EST pre-processing is the first process in the proposed pipeline, developed to screen for high-quality ESTs. EST pre-processing has four sub-processes, (1) EST formatting, (2) Length and %N detection, and EST removal, (3) Vector detection and removal and (4) Low-complexity masking. EST formatting module is responsible for converting multiple raw data formats and merge them into a text file with multiple FASTA entries. A Perl script, called xtract.pl, parses raw EST input sequences and converts them into a combined FASTA text file with a “.txt” extension. The second module takes care of screening high quality EST (sequence with ≥100 bp with < 5% of unknown nucleotides) [9]. A Perl script, called length_N.pl, was written to check the length and number of unknown nucleotides in each EST sequence.

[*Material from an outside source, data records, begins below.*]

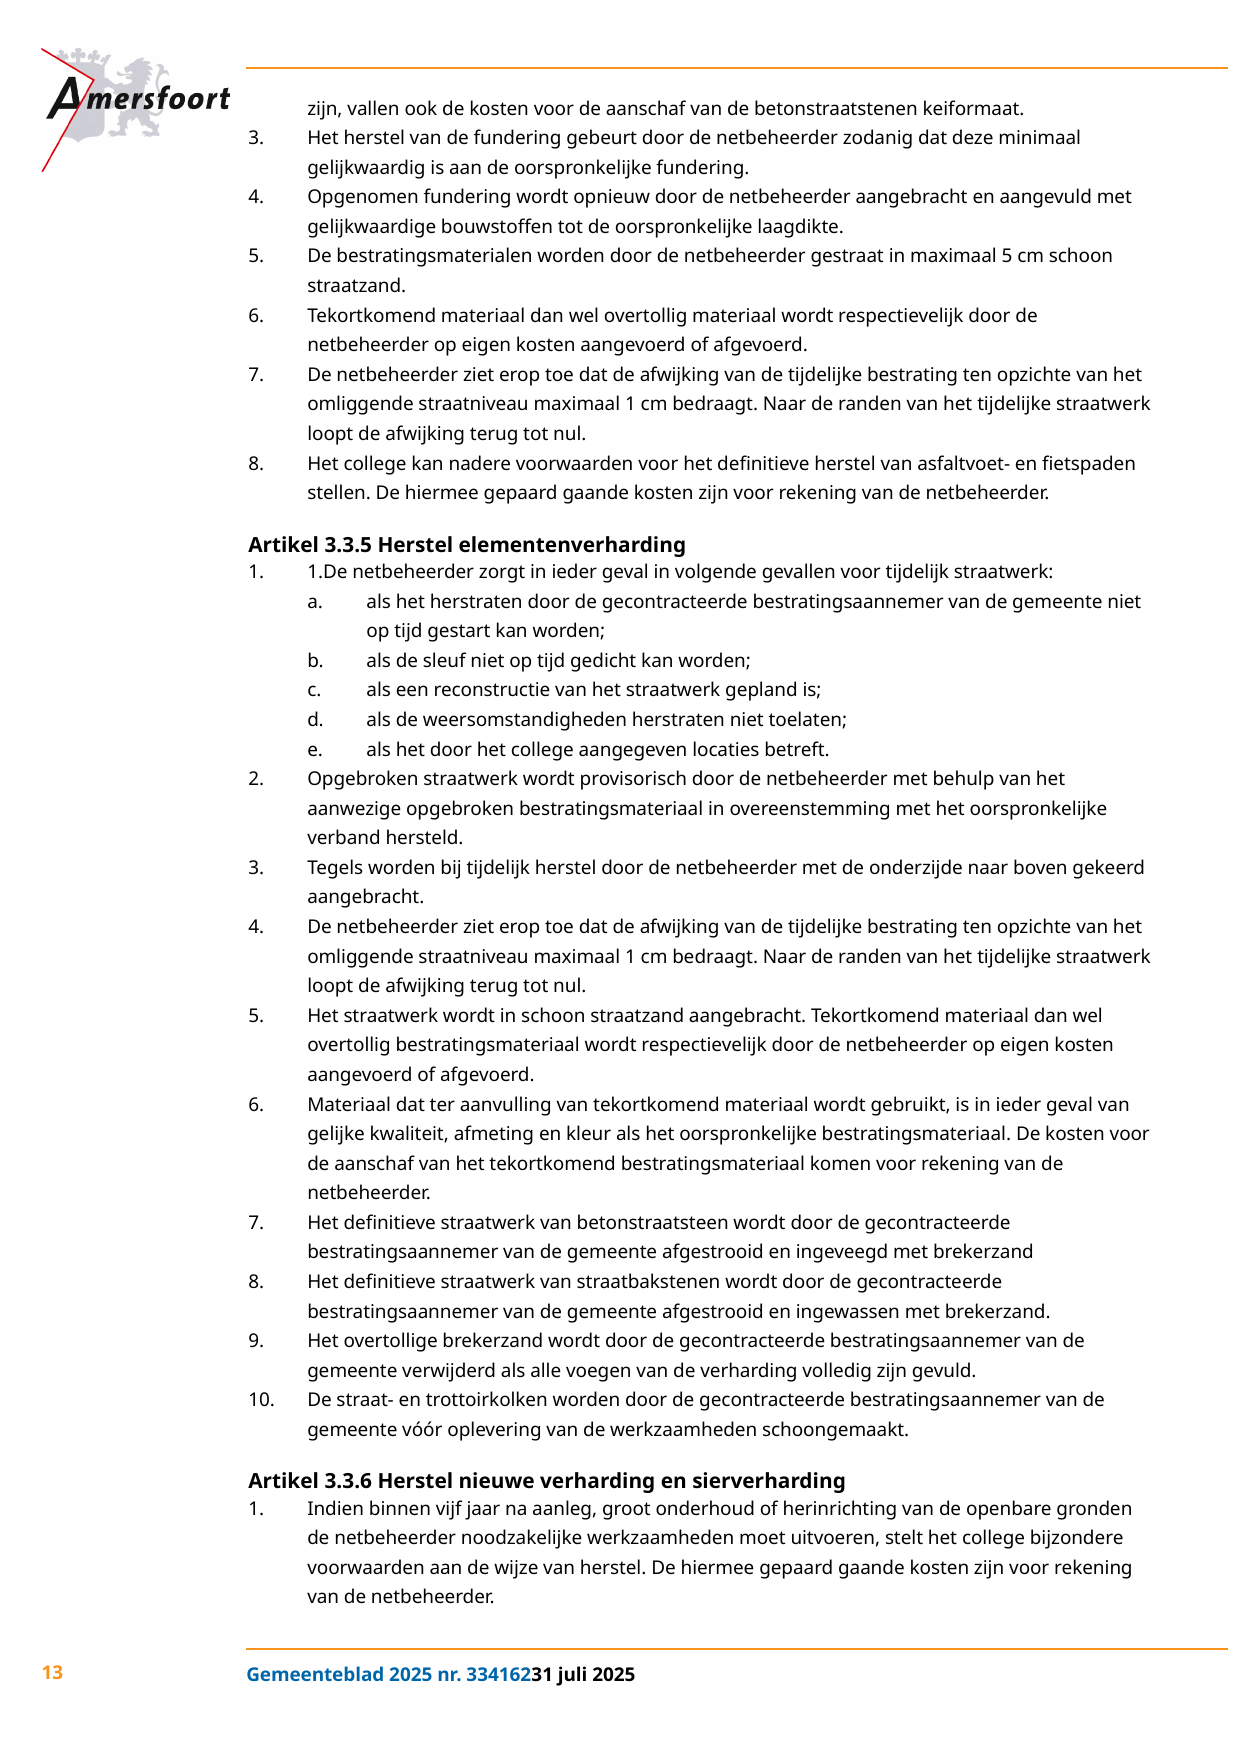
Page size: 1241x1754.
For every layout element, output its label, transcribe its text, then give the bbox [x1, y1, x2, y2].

list als het door het college aangegeven locaties betreft. [307, 736, 1152, 761]
list Het definitieve straatwerk van straatbakstenen wordt door de gecontracteerde bestratingsaannemer van de gemeente afgestrooid en ingewassen met brekerzand. [248, 1268, 1152, 1323]
list Het overtollige brekerzand wordt door de gecontracteerde bestratingsaannemer van de gemeente verwijderd als alle voegen van de verharding volledig zijn gevuld. [248, 1327, 1152, 1383]
list als de sleuf niet op tijd gedicht kan worden; [307, 647, 1152, 673]
list als het herstraten door de gecontracteerde bestratingsaannemer van de gemeente niet op tijd gestart kan worden; [307, 588, 1152, 643]
text Artikel 3.3.6 Herstel nieuwe verharding en sierverharding [248, 1467, 1152, 1495]
list Het herstel van de fundering gebeurt door de netbeheerder zodanig dat deze minimaal gelijkwaardig is aan de oorspronkelijke fundering. [248, 124, 1152, 180]
list Het college kan nadere voorwaarden voor het definitieve herstel van asfaltvoet- en fietspaden stellen. De hiermee gepaard gaande kosten zijn voor rekening van de netbeheerder. [248, 450, 1152, 505]
list De bestratingsmaterialen worden door de netbeheerder gestraat in maximaal 5 cm schoon straatzand. [248, 243, 1152, 298]
list Indien binnen vijf jaar na aanleg, groot onderhoud of herinrichting van de openbare gronden de netbeheerder noodzakelijke werkzaamheden moet uitvoeren, stelt het college bijzondere voorwaarden aan de wijze van herstel. De hiermee gepaard gaande kosten zijn voor rekening van de netbeheerder. [248, 1495, 1152, 1609]
text Artikel 3.3.5 Herstel elementenverharding [248, 530, 1152, 558]
list als een reconstructie van het straatwerk gepland is; [307, 677, 1152, 702]
list De netbeheerder ziet erop toe dat de afwijking van de tijdelijke bestrating ten opzichte van het omliggende straatniveau maximaal 1 cm bedraagt. Naar de randen van het tijdelijke straatwerk loopt de afwijking terug tot nul. [248, 913, 1152, 998]
list De netbeheerder ziet erop toe dat de afwijking van de tijdelijke bestrating ten opzichte van het omliggende straatniveau maximaal 1 cm bedraagt. Naar de randen van het tijdelijke straatwerk loopt de afwijking terug tot nul. [248, 361, 1152, 446]
list Materiaal dat ter aanvulling van tekortkomend materiaal wordt gebruikt, is in ieder geval van gelijke kwaliteit, afmeting en kleur als het oorspronkelijke bestratingsmateriaal. De kosten voor de aanschaf van het tekortkomend bestratingsmateriaal komen voor rekening van de netbeheerder. [248, 1091, 1152, 1205]
list 1.De netbeheerder zorgt in ieder geval in volgende gevallen voor tijdelijk straatwerk: [248, 558, 1152, 584]
picture [41, 47, 231, 172]
list als de weersomstandigheden herstraten niet toelaten; [307, 706, 1152, 732]
list Tekortkomend materiaal dan wel overtollig materiaal wordt respectievelijk door de netbeheerder op eigen kosten aangevoerd of afgevoerd. [248, 302, 1152, 357]
list De straat- en trottoirkolken worden door de gecontracteerde bestratingsaannemer van de gemeente vóór oplevering van de werkzaamheden schoongemaakt. [248, 1387, 1152, 1442]
list zijn, vallen ook de kosten voor de aanschaf van de betonstraatstenen keiformaat. [248, 95, 1152, 121]
list Tegels worden bij tijdelijk herstel door de netbeheerder met de onderzijde naar boven gekeerd aangebracht. [248, 854, 1152, 909]
list Opgebroken straatwerk wordt provisorisch door de netbeheerder met behulp van het aanwezige opgebroken bestratingsmateriaal in overeenstemming met het oorspronkelijke verband hersteld. [248, 765, 1152, 850]
list Het straatwerk wordt in schoon straatzand aangebracht. Tekortkomend materiaal dan wel overtollig bestratingsmateriaal wordt respectievelijk door de netbeheerder op eigen kosten aangevoerd of afgevoerd. [248, 1002, 1152, 1087]
list Het definitieve straatwerk van betonstraatsteen wordt door de gecontracteerde bestratingsaannemer van de gemeente afgestrooid en ingeveegd met brekerzand [248, 1209, 1152, 1264]
list Opgenomen fundering wordt opnieuw door de netbeheerder aangebracht en aangevuld met gelijkwaardige bouwstoffen tot de oorspronkelijke laagdikte. [248, 183, 1152, 239]

Low quality sequences will be removed. The third module is called vector detection and removal, which we utilize the SeqClean software [14] and the NCBI UniVec database [31]. SeqClean searches through 3′ or 5′ ends of input EST sequences and removes those regions that are highly similar (>92% identity) to vector, adaptor, primer or linker sequences listed in the UniVec database. The Low-complexity masking module identifies repeat sequences and masks them for removal. To do this, we installed RepeatMasker [16] and included this utility in our pipeline to check the EST sequences from the previous module. RepeatMasker uses RMBLAST (version 2.2.28) to perform the search against the RepBase database [30] for interspersed repeats, repetitive elements and low-complexity DNA sequences. RepeatMasker provides filtering options to identify repetitive elements by users such as DNA source of RepBase, masking and repeat options, or user can use default parameter. The default parameter is set DNA source as human, masking option as repetitive sequence replaced in lowercase, and repeat option as masked interspersed and simple repeats. The EST containing low-complexity region were automatically removed by in-house PHP script of the pipeline.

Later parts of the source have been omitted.